PAD merupakan sumber pembelanjaan daerah, jika PAD meningkat maka
dana yang dimiliki oleh pemerintah daerah akan lebih tinggi dan tingkat
kemandirian daerah akan meningkat pula, sehingga pemerintah daerah akan
berinisiatif untuk lebih menggali potensi-potensi daerah dan meningkatkan
pertumbuhan ekonomi. Pertumbuhan PAD secara berkelanjutan akan
menyebabkan peningkatan pertumbuhan ekonomi daerah tersebut.
Peningkatan PAD harus berdampak pada perekonomian daerah. Oleh
karena itu, daerah tidak akan berhasil bila daerah tidak mengalami pertumbuhan
ekonomi yang berarti meskipun terjadi peningkatan penerimaan PAD. Bila yang
terjadi sebaliknya, maka bisa diindikasikan adanya eksploitasi PAD terhadap
masyarakat itu sendiri. Keberhasilan peningkatan PAD hendaknya tidak diukur
dari jumlah yang diterima, tetapi juga diukur dengan perannya untuk mengatur
perekonomian masyarakat agar dapat lebih berkembang, yang pada gilirannya
dapat meningkatakan kesejahteraan masyarakat di daerah.
Salah satu komponen yang mempengaruhi kenaikan output tersebut adalah
pengeluaran pemerintah. Adi (2006) menyatakan bahwa untuk meningkatkan
pertumbuhan ekonomi daerah, kebijakan utama yang perlu dilakukan adalah
mengusahakan semaksimal mungkin potensi yang dimiliki oleh propinsi (daerah)
yang bersangkutan, mengingat potensi masing-masing daerah bervariasi maka
sebaiknya masing-masing daerah harus menentukan kegiatan sektor ungulan.
Peran pemerintah dalam upaya menciptakan pertumbuhan ekonomi mulai
di pandang sebagai suatu hal yang penting ketika mekanisme pasar sebagai motor
pergerakan mengalami kegagalan. Mangkoesoebroto (1999) menyatakan dalam
perekonomian modern, peranan pemerintah dapat diklasifikasikan dalam 3
golongan besar, yaitu; 1) peranan alokasi, yaitu peranan pemerintah dalam
alokasi sumber-sumber ekonomi; 2) peranan distribusi, dan; 3) peranan
stabilisasi. Pada kebanyakan negara berkembang pelaksanaan 3 peran pemerintah
ini banyak menghadapi kendala dan permasalahan dalam rangka akselerasi
pertumbuhan ekonomi, terutama apabila dihadapkan pada masalah pembangunan
daerah. Salah satu indikator dari pertumbuhan ekonomi regional tercermin pada
Produk Domestik Regional Bruto (PDRB).
Menyadari keterbatasan anggaran yang bersumber dari dana pemerintah
guna memacu peningkatan laju pertumbuhan ekonomi yang diharapkan, maka
lebih penting lagi adalah intensifikasi dan ekstesifikasi penggalian potensi dana
yang bersumber dari Pendapatan Asli Daerah (PAD).

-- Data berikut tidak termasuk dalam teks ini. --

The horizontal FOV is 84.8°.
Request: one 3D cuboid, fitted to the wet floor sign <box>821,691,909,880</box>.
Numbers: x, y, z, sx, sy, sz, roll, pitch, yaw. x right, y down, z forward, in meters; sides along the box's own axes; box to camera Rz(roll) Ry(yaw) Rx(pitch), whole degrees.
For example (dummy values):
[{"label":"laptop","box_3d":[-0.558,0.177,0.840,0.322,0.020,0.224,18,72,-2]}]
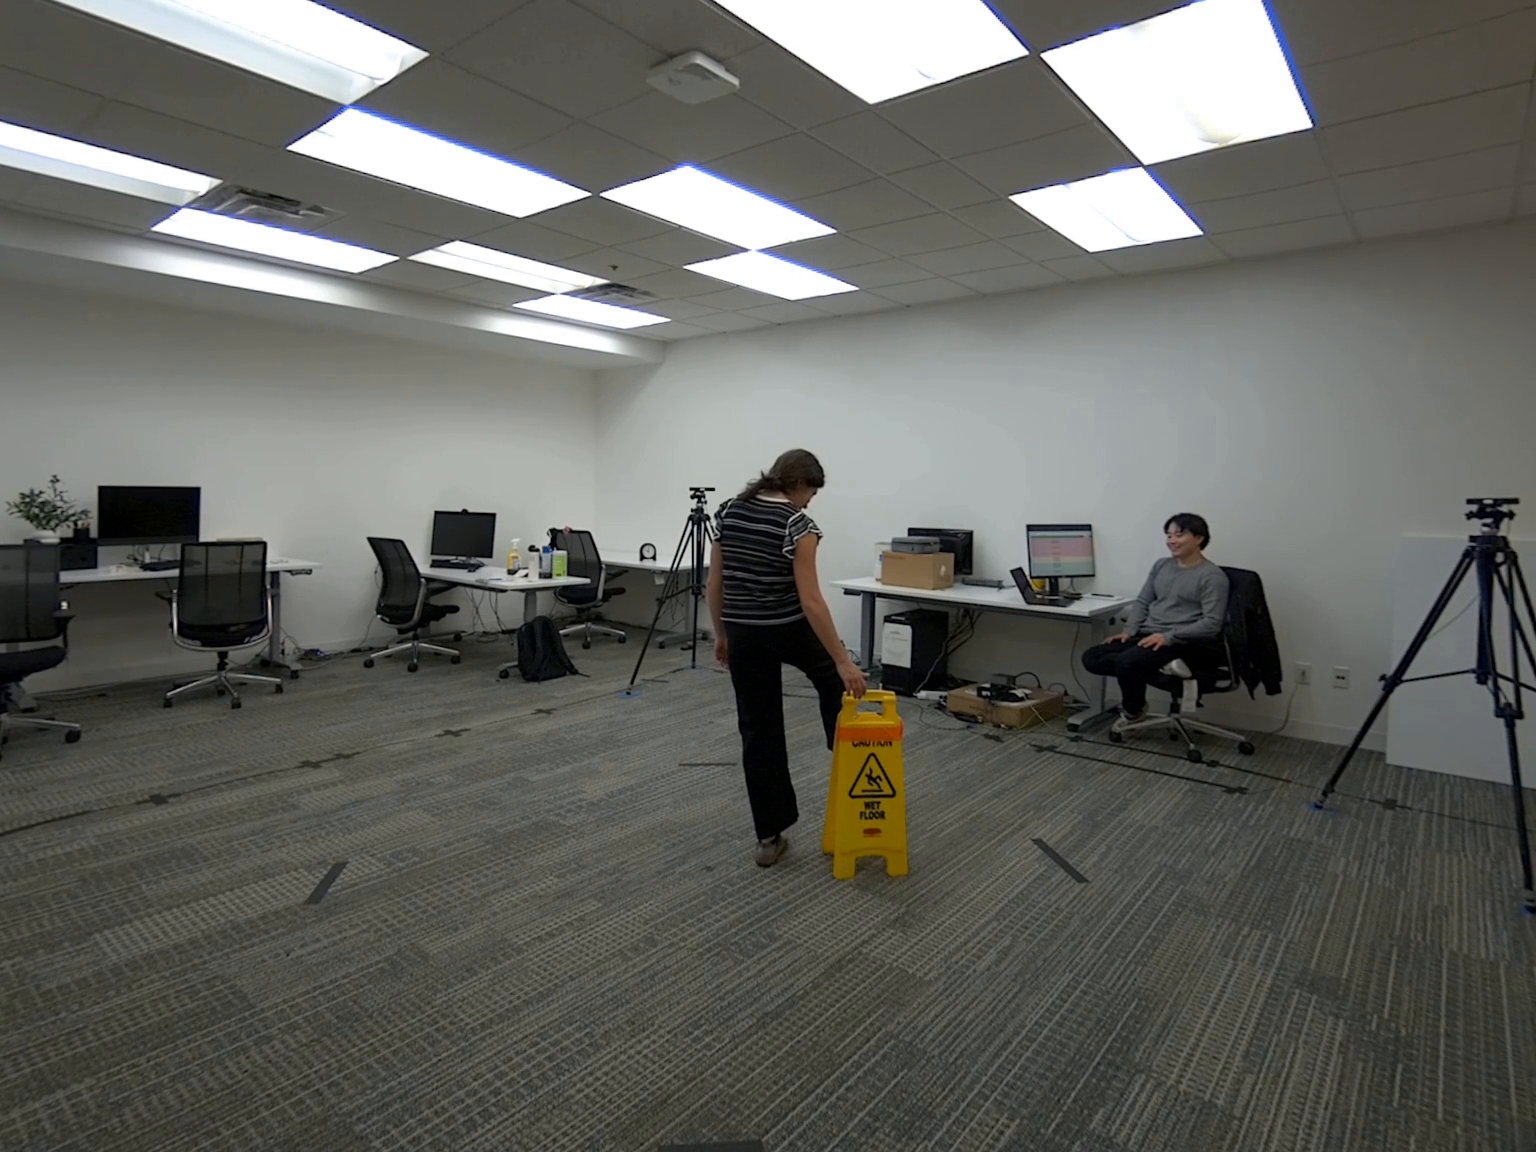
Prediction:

Otonomi daerah yang mulai dilaksanakan secara efektif pada tanggal 1
Januari 2001, merupakan kebijakan sangat demokratis dalam rangka memenuhi
semua aspek desentralisasi pemerintahan yang sesungguhnya. Perubahan
paradigma pemerintahan ditandai dengan pemberlakuan Undang-undang Nomor
22 Tahun 1999, selanjutnya direvisi menjadi Undang-undang Nomor 32 Tahun
2004 tentang Pemerintah Daerah, dan Undang-undang Nomor 25 Tahun 1999
yang telah direvisi menjadi Undang-undang Nomor 33 Tahun 2004 tentang
Perimbangan Keuangan antara Pemerintah Pusat dan Pemerintah Daerah,
disamping beberapa peraturan lainnya. Konsekuensi logis perubahan tersebut
berdampak positif atau telah membawa suatu perubahan sangat mendasar dalam
hubungan tatanan pemerintahan dan pengelolaan keuangan dalam
penyelenggaraan otonomi daerah, baik di provinsi maupun di kabupaten/kota.
Kewenangan yang luas sebagai konsekuensi otonomi daerah menuntut
setiap daerah untuk mendayagunakan berbagai potensi sumberdaya ekonomi
secara optimal dan berkelanjutan. Daerah harus kreatif dan inovatif menggali
peluang-peluang ekonomi dan sumberdaya keuangan guna membiayai kegiatan
pembangunan dan penye-lenggaraan pemerintahan sekaligus meningkatkan
pelayanan publik berkualitas, ekonomis, efektif, dan efisien. Hal ini cukup
beralasan mengingat Daerah diberi hak untuk mendapatkan sumber keuangan,
tidak hanya pendanaan dari pemerintah pusat sesuai urusan pemerintahan yang
diserahkan, namun jauh lebih penting diberi hak mengoptimalkan sumber-sumber
berlaku, hak untuk mengelola kekayaan daerah, mendapatkan samber pendapatan
lain yang sah, dan sumber-sumber pembiayaan.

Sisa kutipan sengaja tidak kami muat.